Graduation of Joost Trommelen

How can the Dynamic Adaptive Policy Pathways (DAPP) approach be used to create and select effective flood risk strategies under highly uncertain conditions? 

• Professor of graduation: Prof. dr. ir. S.N. Jonkman

• Supervisors: Dr. ir. C. Mai Van, Dr. ir. M.M. Rutten, ir. M. Bos 

The rising sea level and increased storm surges because of climate change threaten coastal areas globally. 570 cities and some 800 million people are by 2050 estimated to be exposed to this when emissions do not decrease (UCCRN, 2018). It is, however, deeply uncertain if and to what extent emissions will decrease. Additionally, the effects of climate change are not fully understood due to its complexity resulting in a wide range of uncertainty. An effective flood risk strategy is necessary to prevent these cities and people to be heavily affected by the changing climate. Flood risk strategies are not only influenced by the changing climate but also by factors like: 

- Current water levels, 

- Discount rate, 

- Subsidence, 

- Economic growth rate, 

- Population growth, 

- Damages, 

- Costs of measures, 

- Inflation rate, and 

- Effectiveness of measures. 

These factors are of uncertain nature which requires this flood risk strategy to be flexible and/or robust. An approach to identify and implement such a strategy is the use of Dynamic Adaptation Policy Pathways (DAPP). DAPP is an approach made out of the concepts of Adaptation Pathways and Adaptive Policy-making. The approach aims to provide decision-makers with insight in what action to take when. DAPP is an approach that has been developed in research. The approach has for that purpose been applied to simplified illustrations, but not yet to more detailed master-planning resulting in practical issues. This results in the main research question of this thesis: 

How can the Dynamic Adaptive Policy Pathways (DAPP) approach be used to create and select effective flood risk strategies under highly uncertain conditions? 

DAPP requires the creation of Adaptation Pathways. Pathways can vary in terms of the time of implementation, safety level and (sequence of) measures leading to a near-infinite number of possible flood risk strategies. A framework that automatically creates these pathways has been created. The solution space of this framework is restricted by a selection of measures and sequences. The solution space is further reduced by applying an economic optimisation of safety levels. This optimisation be done by maximising the (annual) NPV, maximising the Benefit-Cost Ratio or minimising the Equivalent Annual Cost (EAC). Deterministic input of the factors influencing the desired flood risk strategy is required to perform this optimisation and create the pathways. The sea level rise, discount rate, socio-economic growth rate turn out to have a considerable impact on the obtained pathways. 

As not all possible futures are considered when using deterministic input, it can occur that the best performing pathway in design conditions does not perform comparably in a different future. Investments can be postponed to reduce the range of uncertainty in the input. However, it is not possible ii to postpone investments when a flood risk reduction strategy has to be chosen to prevent the actual safety level from dropping below the required safety level. A robust strategy is desirable in that case. The robustness can be assessed by conducting a probabilistic assessment.

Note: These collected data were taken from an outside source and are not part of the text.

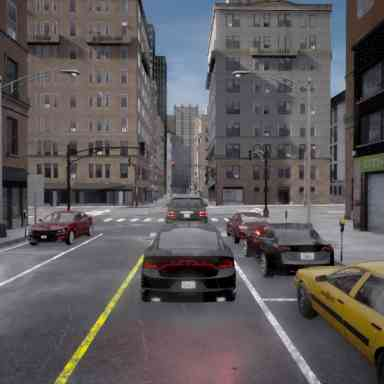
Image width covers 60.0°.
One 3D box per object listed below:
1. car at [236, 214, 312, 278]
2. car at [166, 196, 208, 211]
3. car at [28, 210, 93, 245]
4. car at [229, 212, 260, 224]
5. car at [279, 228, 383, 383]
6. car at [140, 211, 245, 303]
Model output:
[{"bbox_3d":[2.715,1.563,9.997,1.947,1.339,4.313,-1,0,-1],"label":"car"},{"bbox_3d":[-0.291,1.215,18.434,2.150,2.045,5.566,0,0,-1],"label":"car"},{"bbox_3d":[-5.919,1.539,15.442,1.887,1.381,4.507,-1,0,-1],"label":"car"},{"bbox_3d":[2.625,1.576,15.582,1.802,1.307,4.206,-1,0,-1],"label":"car"},{"bbox_3d":[2.801,1.524,4.581,1.752,1.417,4.829,-1,0,-1],"label":"car"},{"bbox_3d":[-0.083,1.475,8.304,1.882,1.535,5.008,0,0,-1],"label":"car"}]
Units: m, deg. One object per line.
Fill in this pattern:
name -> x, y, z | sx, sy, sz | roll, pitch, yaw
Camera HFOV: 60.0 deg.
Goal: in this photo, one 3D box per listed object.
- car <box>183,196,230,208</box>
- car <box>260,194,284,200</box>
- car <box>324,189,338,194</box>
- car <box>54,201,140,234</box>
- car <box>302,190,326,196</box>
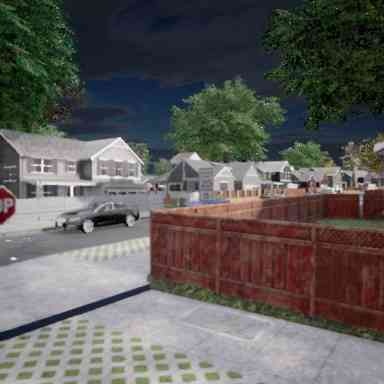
car -> 1.232, 1.043, 26.764 | 1.882, 1.535, 5.008 | 0, 1, 35
car -> 9.381, 0.873, 38.354 | 1.994, 1.385, 4.181 | 0, 1, 35
car -> 20.071, 0.406, 48.675 | 2.097, 1.767, 4.553 | 0, 1, 35
car -> -4.946, 1.249, 17.955 | 2.128, 1.511, 4.902 | 0, 1, 35
car -> 14.440, 0.797, 40.557 | 1.994, 1.385, 4.181 | 0, 1, 36
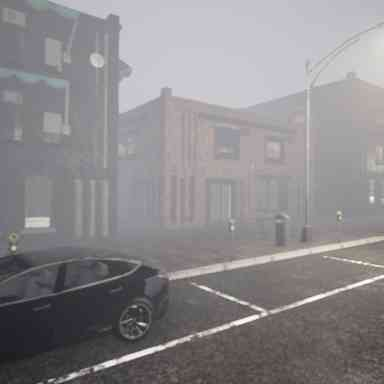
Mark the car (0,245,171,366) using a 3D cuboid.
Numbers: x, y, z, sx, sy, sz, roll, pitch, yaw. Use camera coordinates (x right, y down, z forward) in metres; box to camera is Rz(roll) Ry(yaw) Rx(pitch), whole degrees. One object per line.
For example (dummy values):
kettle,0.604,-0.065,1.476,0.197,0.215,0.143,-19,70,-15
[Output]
car,-2.339,1.562,4.878,4.313,1.339,1.947,0,1,-36
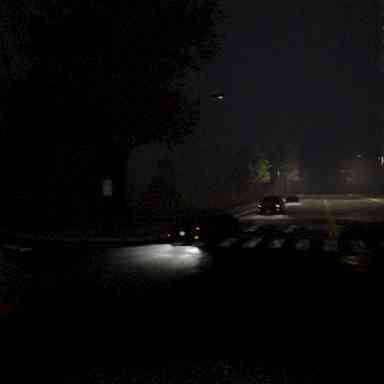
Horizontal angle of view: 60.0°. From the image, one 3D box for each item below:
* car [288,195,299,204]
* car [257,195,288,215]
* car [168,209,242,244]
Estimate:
[{"bbox_3d":[16.031,1.120,53.052,1.994,1.385,4.181,-1,0,21],"label":"car"},{"bbox_3d":[7.493,1.132,31.252,2.097,1.767,4.553,-1,0,21],"label":"car"},{"bbox_3d":[0.696,1.525,15.712,1.994,1.385,4.181,-1,0,35],"label":"car"}]
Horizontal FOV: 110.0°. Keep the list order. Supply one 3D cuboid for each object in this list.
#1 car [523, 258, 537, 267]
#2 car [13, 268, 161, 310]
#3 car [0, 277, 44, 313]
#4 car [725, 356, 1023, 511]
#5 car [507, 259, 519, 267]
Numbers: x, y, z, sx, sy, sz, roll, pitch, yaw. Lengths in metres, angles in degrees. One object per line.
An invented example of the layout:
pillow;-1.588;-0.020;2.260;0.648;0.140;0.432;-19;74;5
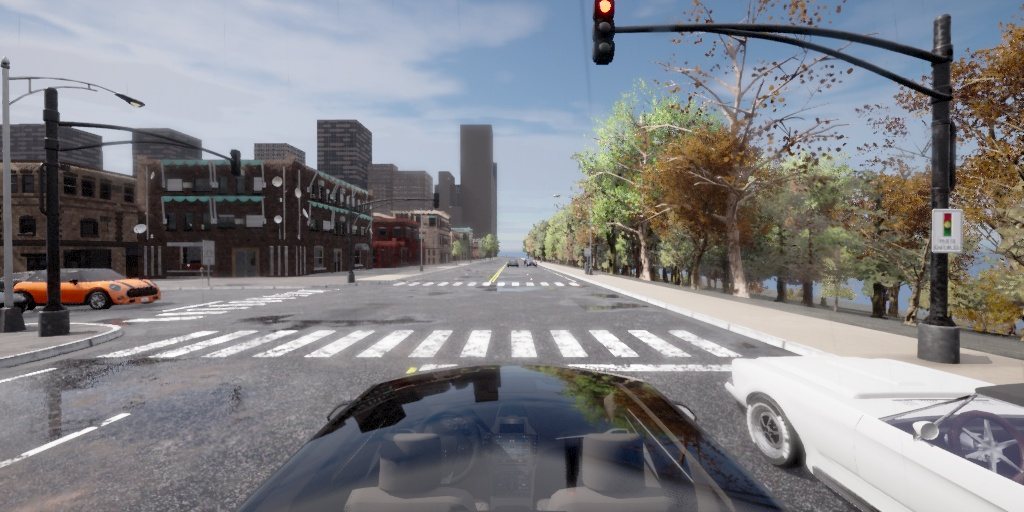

This probabilistic assessment shows the performance of a pathway in the full range of possible futures. Flexible and/or robust pathways will have a narrow ranges of outcomes in comparison to inflexible and/or frail pathways. Choosing such a pathway reduces the chance of underperformance. As no distribution can be assigned to climate scenarios, a sea level rise-scenario has to be chosen as design condition. Whether over-/under-adaptation is desired depends on the combination of factors that can influence the flood risk and is therefore project-specific. In general, it can be sad that under-adaptation is favorable for projects in which the minimum required safety level is above the economic optimum. 

Finally, trigger values must be set to give decision-makers insight into when to take what action. These values should prevent the safety level from dropping below the required one and exclusion of subsequent measures to ensure flexibility. This requires a timely analysis to obtain the desired subsequent measure. After this analysis, sufficient time should be available to implement all possible types of subsequent measures, even for the one with the longest implementation time. 

Overall, pathways can be created using the DAPP-approach. Optimisation has to be used to keep the number of pathways workable. Afterwards, the created pathways can be evaluated according to scenarios. An additional probabilistic assessment is required to assess pathways in the full range of possible futures. This assessment is applied to the three most promising pathways. This amount can be increased when this process is further automated. Afterwards, trigger values should be set and updated according to the latest known data. These trigger values should give enough time to determine the desired subsequent measure and implement it. This adaptive approach will ensure the flood safety requirements without overspending and can be a useful instrument to deal with the uncertain effects of climate change.